(DATA FOR THIS EXERCISE)

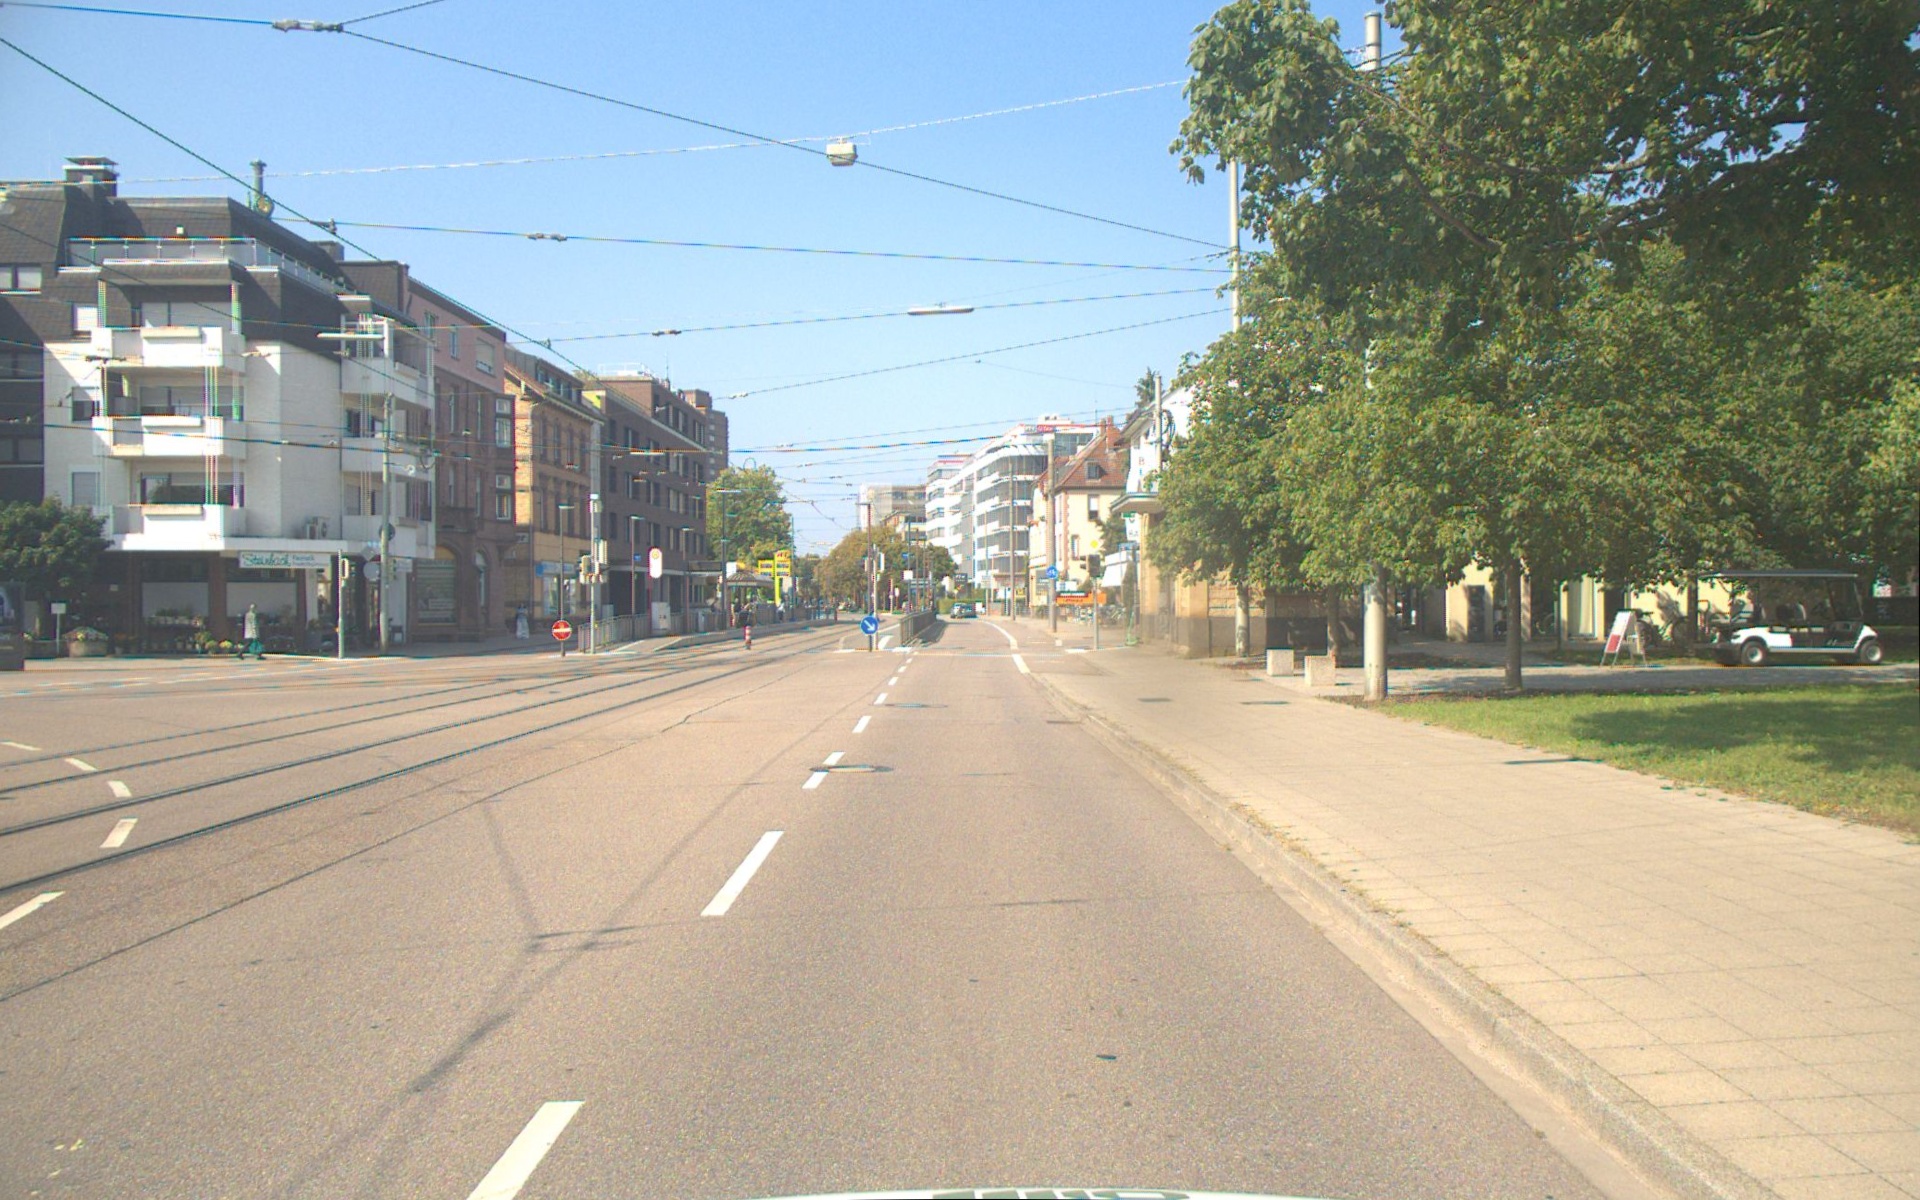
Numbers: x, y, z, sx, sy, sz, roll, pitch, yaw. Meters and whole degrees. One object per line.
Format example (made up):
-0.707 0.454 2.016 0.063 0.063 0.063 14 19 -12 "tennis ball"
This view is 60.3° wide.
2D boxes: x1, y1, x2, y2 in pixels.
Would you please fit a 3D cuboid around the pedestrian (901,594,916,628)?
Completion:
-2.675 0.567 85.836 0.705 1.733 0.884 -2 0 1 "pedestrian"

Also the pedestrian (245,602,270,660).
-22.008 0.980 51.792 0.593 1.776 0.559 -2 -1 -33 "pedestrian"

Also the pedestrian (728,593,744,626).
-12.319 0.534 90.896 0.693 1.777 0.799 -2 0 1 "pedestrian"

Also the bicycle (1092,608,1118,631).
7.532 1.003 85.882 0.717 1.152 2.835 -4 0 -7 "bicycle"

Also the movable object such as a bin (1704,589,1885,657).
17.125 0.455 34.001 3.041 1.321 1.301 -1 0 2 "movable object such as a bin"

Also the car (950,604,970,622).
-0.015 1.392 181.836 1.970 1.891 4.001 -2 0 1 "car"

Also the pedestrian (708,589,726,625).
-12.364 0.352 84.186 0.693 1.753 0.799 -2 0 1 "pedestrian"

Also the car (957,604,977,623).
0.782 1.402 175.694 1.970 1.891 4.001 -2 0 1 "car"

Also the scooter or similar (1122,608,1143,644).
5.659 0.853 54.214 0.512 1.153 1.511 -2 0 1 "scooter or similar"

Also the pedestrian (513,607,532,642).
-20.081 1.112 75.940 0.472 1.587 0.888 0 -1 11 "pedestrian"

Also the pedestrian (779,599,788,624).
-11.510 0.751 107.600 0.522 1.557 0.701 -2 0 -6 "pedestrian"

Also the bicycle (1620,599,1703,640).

(End DATA FOR THIS EXERCISE)

→ **BRIEF**
Find the line containing "Format example (made" in the data above. Please transcribe it and every line after it, exactly.

→ **ANSWER TO THE EXERCISE**
Format example (made up):
-0.707 0.454 2.016 0.063 0.063 0.063 14 19 -12 "tennis ball"
This view is 60.3° wide.
2D boxes: x1, y1, x2, y2 in pixels.
Would you please fit a 3D cuboid around the pedestrian (901,594,916,628)?
Completion:
-2.675 0.567 85.836 0.705 1.733 0.884 -2 0 1 "pedestrian"

Also the pedestrian (245,602,270,660).
-22.008 0.980 51.792 0.593 1.776 0.559 -2 -1 -33 "pedestrian"

Also the pedestrian (728,593,744,626).
-12.319 0.534 90.896 0.693 1.777 0.799 -2 0 1 "pedestrian"

Also the bicycle (1092,608,1118,631).
7.532 1.003 85.882 0.717 1.152 2.835 -4 0 -7 "bicycle"

Also the movable object such as a bin (1704,589,1885,657).
17.125 0.455 34.001 3.041 1.321 1.301 -1 0 2 "movable object such as a bin"

Also the car (950,604,970,622).
-0.015 1.392 181.836 1.970 1.891 4.001 -2 0 1 "car"

Also the pedestrian (708,589,726,625).
-12.364 0.352 84.186 0.693 1.753 0.799 -2 0 1 "pedestrian"

Also the car (957,604,977,623).
0.782 1.402 175.694 1.970 1.891 4.001 -2 0 1 "car"

Also the scooter or similar (1122,608,1143,644).
5.659 0.853 54.214 0.512 1.153 1.511 -2 0 1 "scooter or similar"

Also the pedestrian (513,607,532,642).
-20.081 1.112 75.940 0.472 1.587 0.888 0 -1 11 "pedestrian"

Also the pedestrian (779,599,788,624).
-11.510 0.751 107.600 0.522 1.557 0.701 -2 0 -6 "pedestrian"

Also the bicycle (1620,599,1703,640).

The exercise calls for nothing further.